FIG. 2 shows a variant of the apparatus according to FIG. 1. In contrast to the apparatus according to FIG. 1, the correction unit 15 is fashioned as an adaptive filter, that is, the filter parameters are varied in depending on the recorded audio signals. In this way the recognition rate can be increased. The compensation filters 18 or, respectively, 24 in the two respective transmission channels 19 are also fashioned as adaptive filters; their filter parameters are set dependent on the recorded audio signals.

Claims

1. An apparatus for speech recognition, comprising:

a microphone selected from a group consisting of a microphone close to a speaker and a microphone remote from said speaker, said microphone producing electrical signals from speech elements of said speaker;

a recognition system to which said electrical signals are supplied, said electrical signals being supplied via a first transmission channel when said microphone is said microphone close to said speaker, and said electrical signals being supplied via a second transmission channel when said microphone in said microphone remote from said speaker, said recognition system comparing speech elements recorded by said microphone with speech elements learned previously in a training phase and, in case of agreement, producing a recognition signal; and

a correction unit connected into said first transmission channel, said correction unit modifying said electrical signals such that said electrical signals have room transmission characteristics substantially as they occur in recording with said microphone remote from said speaker.
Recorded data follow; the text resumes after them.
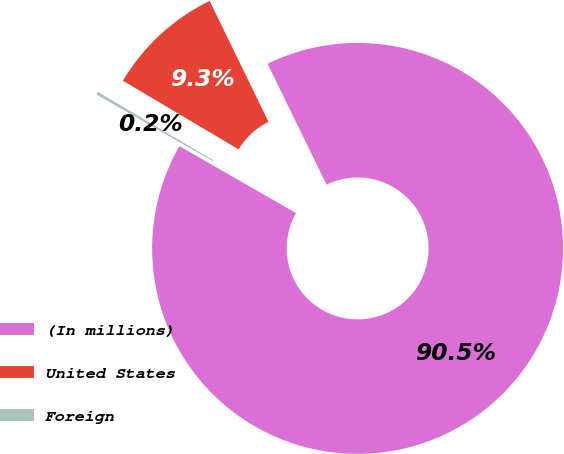Convert chart to OTSL. <chart><loc_0><loc_0><loc_500><loc_500><pie_chart><fcel>(In millions)<fcel>United States<fcel>Foreign<nl><fcel>90.52%<fcel>9.26%<fcel>0.23%<nl></chart> 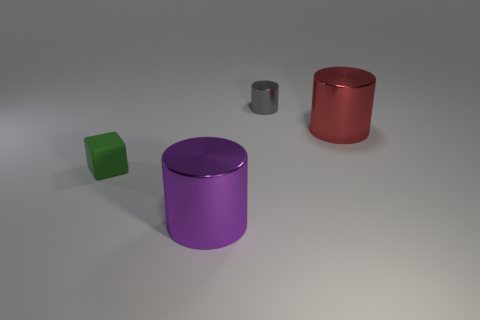Add 3 gray cylinders. How many objects exist? 7 Subtract all cylinders. How many objects are left? 1 Subtract all large purple shiny things. Subtract all red metal cubes. How many objects are left? 3 Add 3 big cylinders. How many big cylinders are left? 5 Add 1 cyan shiny balls. How many cyan shiny balls exist? 1 Subtract 0 gray balls. How many objects are left? 4 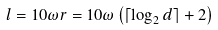Convert formula to latex. <formula><loc_0><loc_0><loc_500><loc_500>l = 1 0 \omega r = 1 0 \omega \left ( \lceil \log _ { 2 } d \rceil + 2 \right )</formula> 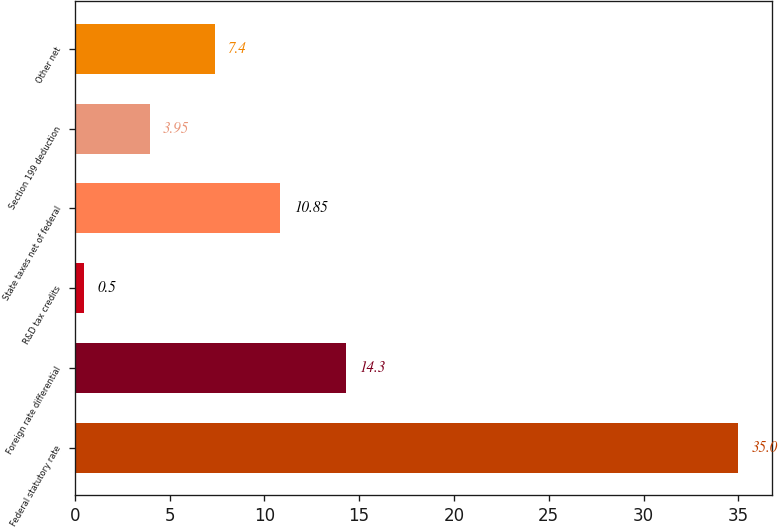<chart> <loc_0><loc_0><loc_500><loc_500><bar_chart><fcel>Federal statutory rate<fcel>Foreign rate differential<fcel>R&D tax credits<fcel>State taxes net of federal<fcel>Section 199 deduction<fcel>Other net<nl><fcel>35<fcel>14.3<fcel>0.5<fcel>10.85<fcel>3.95<fcel>7.4<nl></chart> 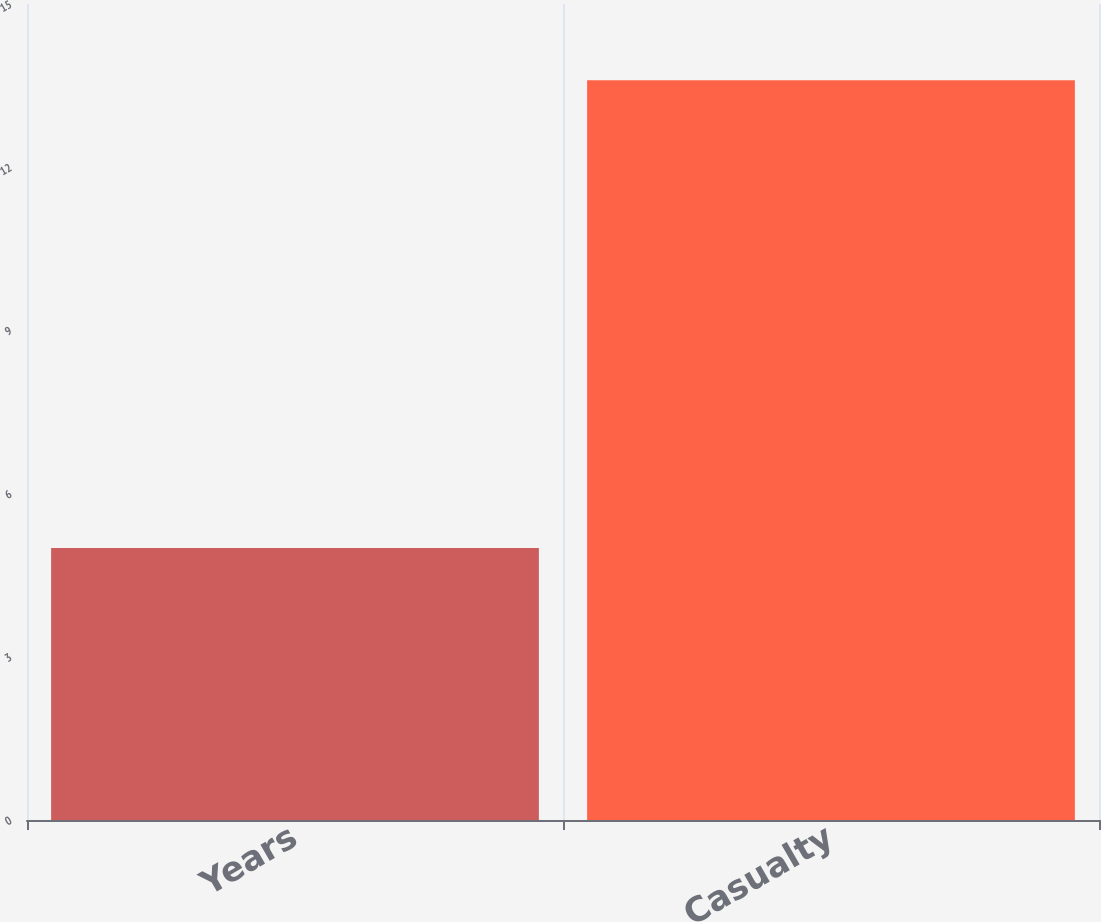Convert chart to OTSL. <chart><loc_0><loc_0><loc_500><loc_500><bar_chart><fcel>Years<fcel>Casualty<nl><fcel>5<fcel>13.6<nl></chart> 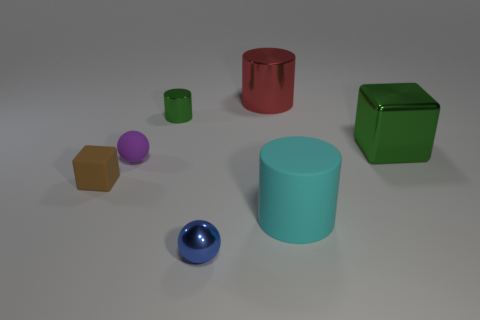Are any large red matte blocks visible?
Your answer should be compact. No. What color is the tiny sphere that is in front of the small brown rubber cube?
Keep it short and to the point. Blue. There is a metal cube; is it the same size as the metallic object that is in front of the small purple object?
Your answer should be very brief. No. What is the size of the cylinder that is both right of the metal ball and behind the matte cylinder?
Your answer should be very brief. Large. Are there any other gray cylinders made of the same material as the tiny cylinder?
Provide a succinct answer. No. The tiny blue shiny thing is what shape?
Offer a terse response. Sphere. Do the red object and the brown object have the same size?
Your answer should be very brief. No. How many other things are there of the same shape as the red thing?
Give a very brief answer. 2. What is the shape of the green shiny thing to the right of the tiny green object?
Your response must be concise. Cube. There is a small metal object behind the cyan rubber cylinder; is its shape the same as the shiny object to the right of the big red metallic cylinder?
Your answer should be very brief. No. 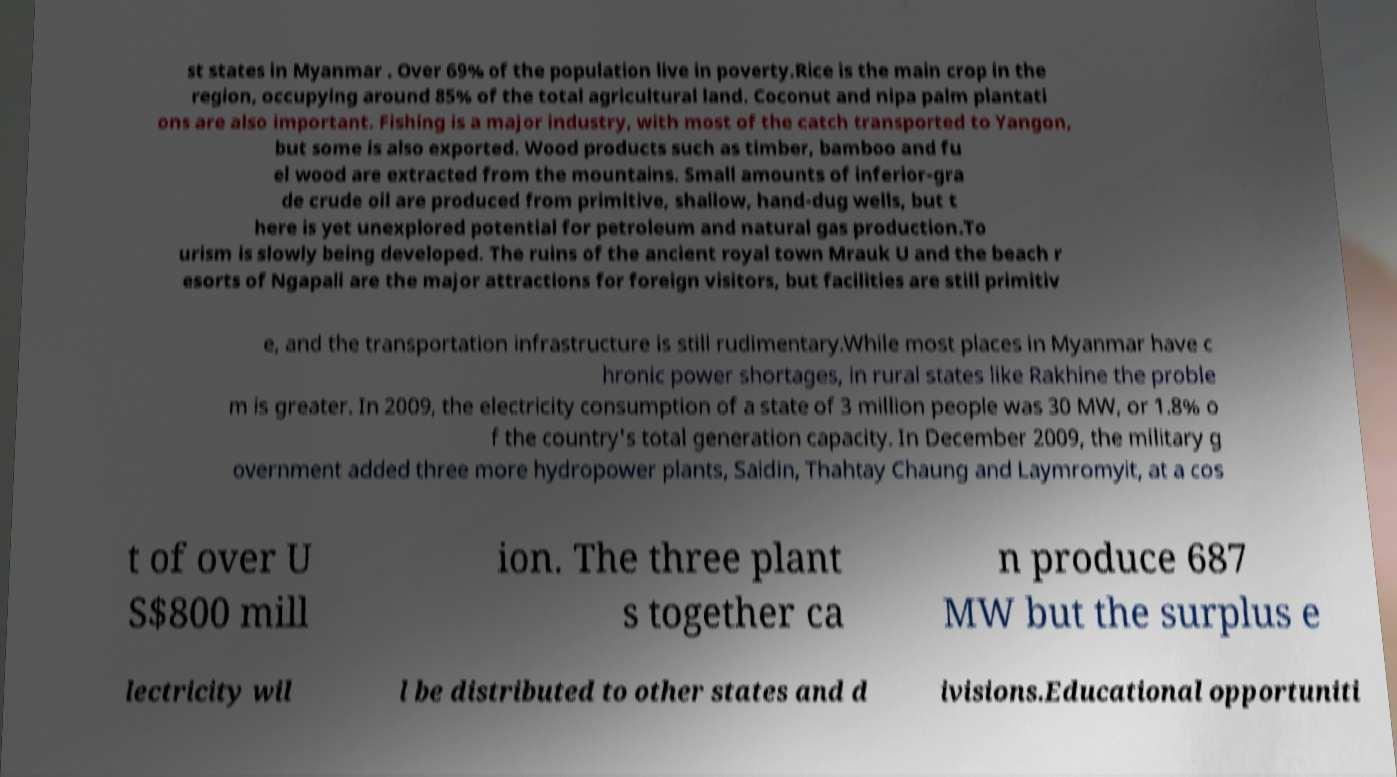Can you accurately transcribe the text from the provided image for me? st states in Myanmar . Over 69% of the population live in poverty.Rice is the main crop in the region, occupying around 85% of the total agricultural land. Coconut and nipa palm plantati ons are also important. Fishing is a major industry, with most of the catch transported to Yangon, but some is also exported. Wood products such as timber, bamboo and fu el wood are extracted from the mountains. Small amounts of inferior-gra de crude oil are produced from primitive, shallow, hand-dug wells, but t here is yet unexplored potential for petroleum and natural gas production.To urism is slowly being developed. The ruins of the ancient royal town Mrauk U and the beach r esorts of Ngapali are the major attractions for foreign visitors, but facilities are still primitiv e, and the transportation infrastructure is still rudimentary.While most places in Myanmar have c hronic power shortages, in rural states like Rakhine the proble m is greater. In 2009, the electricity consumption of a state of 3 million people was 30 MW, or 1.8% o f the country's total generation capacity. In December 2009, the military g overnment added three more hydropower plants, Saidin, Thahtay Chaung and Laymromyit, at a cos t of over U S$800 mill ion. The three plant s together ca n produce 687 MW but the surplus e lectricity wil l be distributed to other states and d ivisions.Educational opportuniti 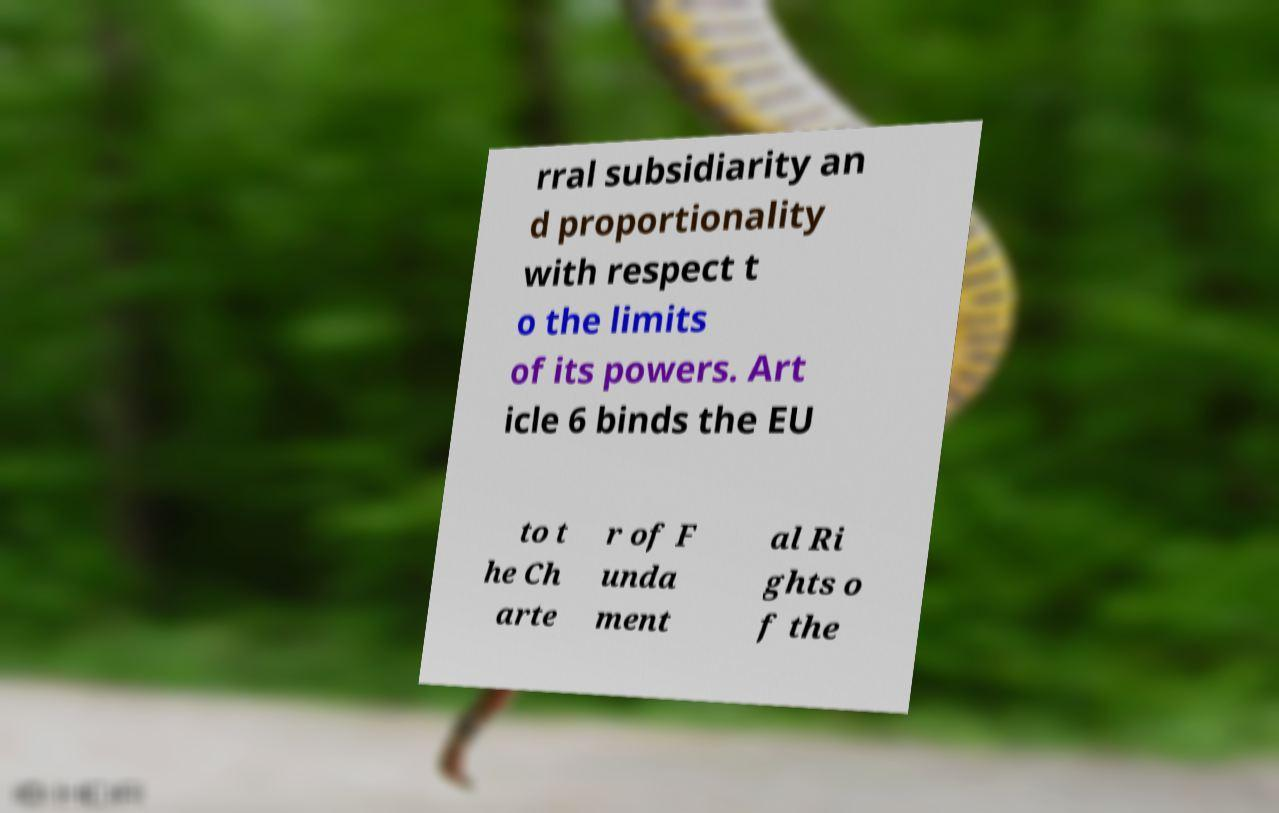Could you extract and type out the text from this image? rral subsidiarity an d proportionality with respect t o the limits of its powers. Art icle 6 binds the EU to t he Ch arte r of F unda ment al Ri ghts o f the 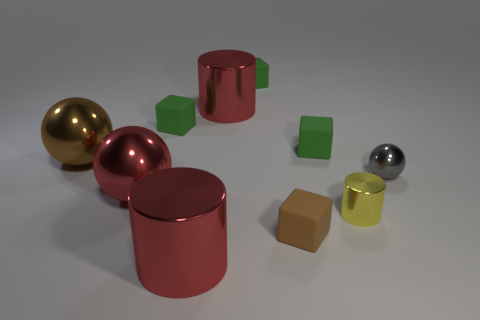Subtract all green cubes. How many were subtracted if there are1green cubes left? 2 Subtract all tiny gray balls. How many balls are left? 2 Subtract all brown blocks. How many blocks are left? 3 Subtract 3 cylinders. How many cylinders are left? 0 Subtract all cylinders. How many objects are left? 7 Subtract all blue spheres. How many purple blocks are left? 0 Add 1 big red metal cylinders. How many big red metal cylinders are left? 3 Add 7 small brown matte objects. How many small brown matte objects exist? 8 Subtract 0 green balls. How many objects are left? 10 Subtract all gray cylinders. Subtract all gray blocks. How many cylinders are left? 3

2. The apparatus according to claim 1, wherein said correction unit simulates acoustic reflections from nearby objects.

3. The apparatus according to claim 1 wherein said correction unit simulates room reverberation.

4. The apparatus according to claim 1, wherein said correction unit is fashioned as a filter selected from the group consisting of a stationary filter and an adaptive filter.

5. The apparatus according to claim 4, wherein said filter is an adaptive filter whose filter parameters are set in dependence on recorded audio signals.

6. The apparatus according to claim 1, further comprising:

a preamplifier for said microphone in said first transmission channel; and

a preamplifier for said microphone in said second transmission channel, when said second transmission channel is present.

7. The apparatus according to claim 1, further comprising:

a compensation filter in said first transmission channel; and

a compensation filter in said second transmission channel, when said second transmission channel is present;

said compensation filters being provided for compensation of varying microphone and amplifier frequency response characteristics.

8. The apparatus according to claim 1, wherein said recognition system uses a speech recognition method selected from the group consisting of spectral analysis and LPC cepstral analysis.

9. A method for speech recognition, comprising the steps of:

converting speech elements of a speaker into electrical signals using a microphone selected from the group consisting of a microphone close to said speaker, and a microphone remote from said speaker;

supplying said electrical signals from said microphone, when said microphone is a microphone close to said speaker, to a recognition system via a first transmission channel;

supplying said electrical signals from said microphone, when said microphone is a microphone remote from said speaker, to said recognition system via a second transmission channel;

recording speech elements in a training phase;

recording speech elements with said microphone in an operating phase;

comparing said recorded speech elements in said training phase with said recorded speech elements in said operating phase in said recognition system and, in case of agreement, producing a recognition signal; and

modifying said electrical signals from said first transmission channel such that said electrical signals have room transmission characteristics substantially as they occur during recording with said microphone remote from said speaker.

10. The method according to claim 9, further comprising the step of simulating acoustic reflections from nearby objects with said correction unit.

11. The method according to claim 9, further comprising the step of simulating room reverberation with said correction unit.